Go through the entries and say how many lines contain the string "computer". The number is the whole answer.

Dataset items
....

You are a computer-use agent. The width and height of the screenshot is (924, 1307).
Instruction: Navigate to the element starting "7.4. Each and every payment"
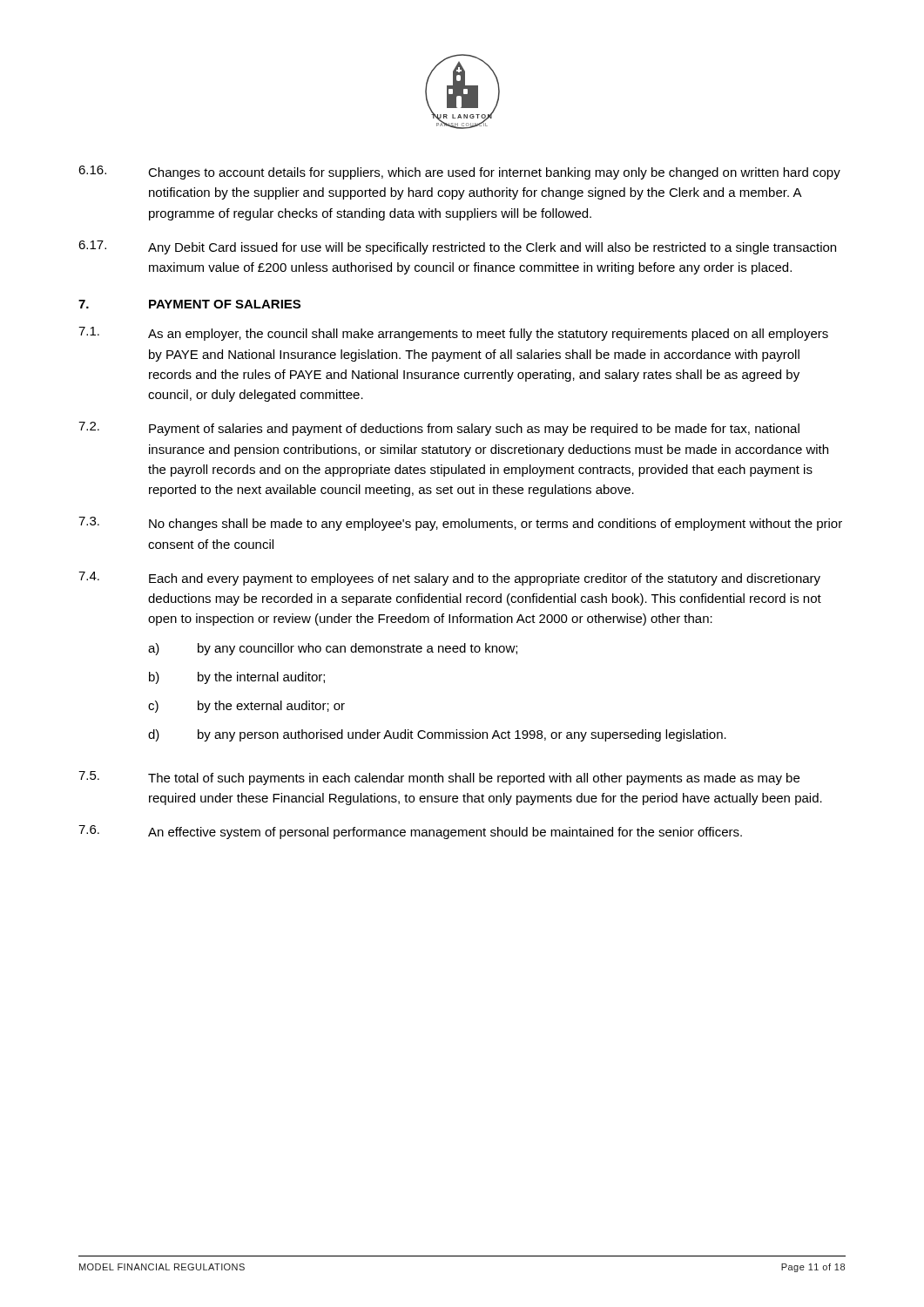[462, 661]
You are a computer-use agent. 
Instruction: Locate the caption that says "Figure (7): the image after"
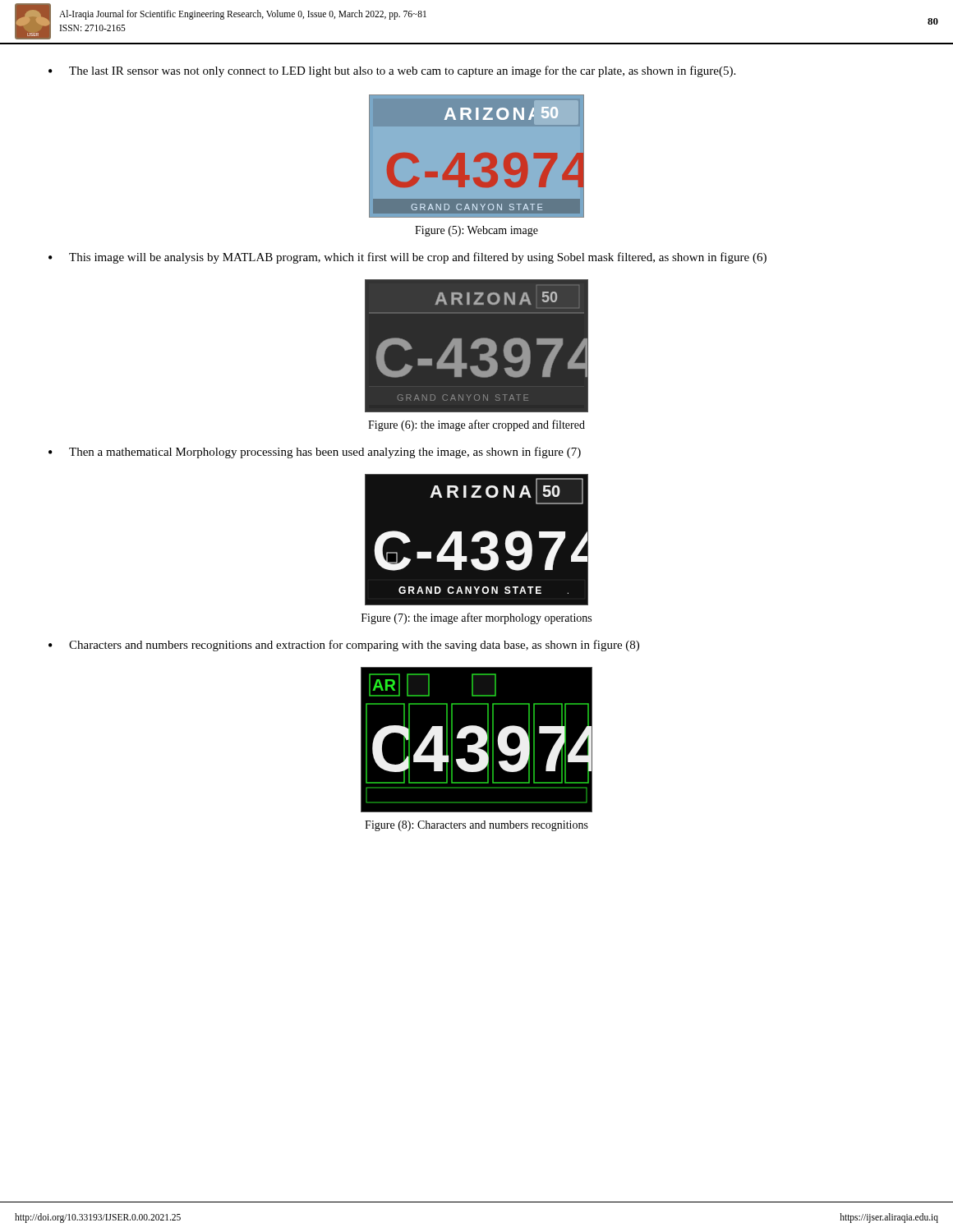[476, 618]
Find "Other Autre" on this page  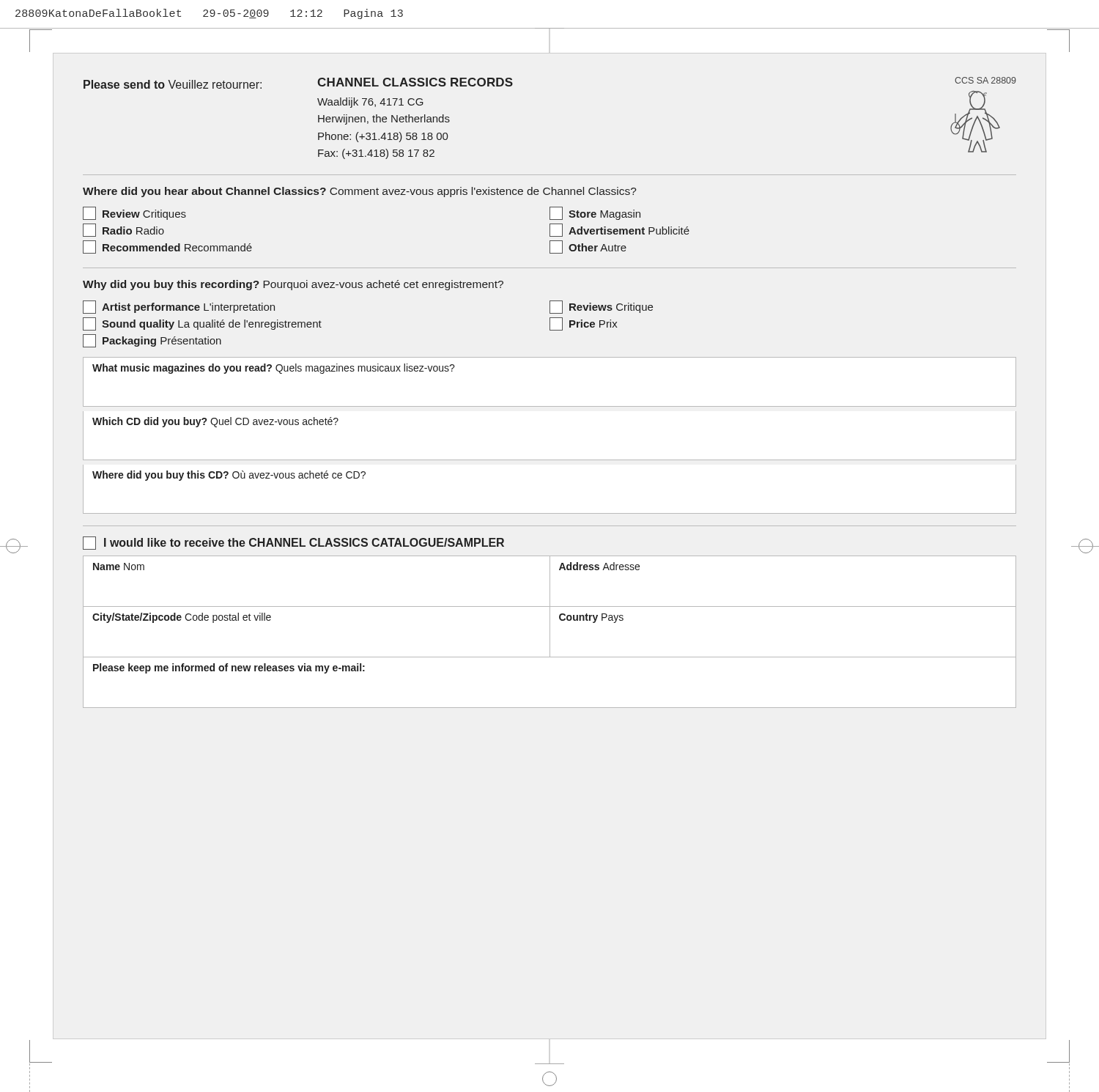click(588, 247)

....

**Result of the exercise**
2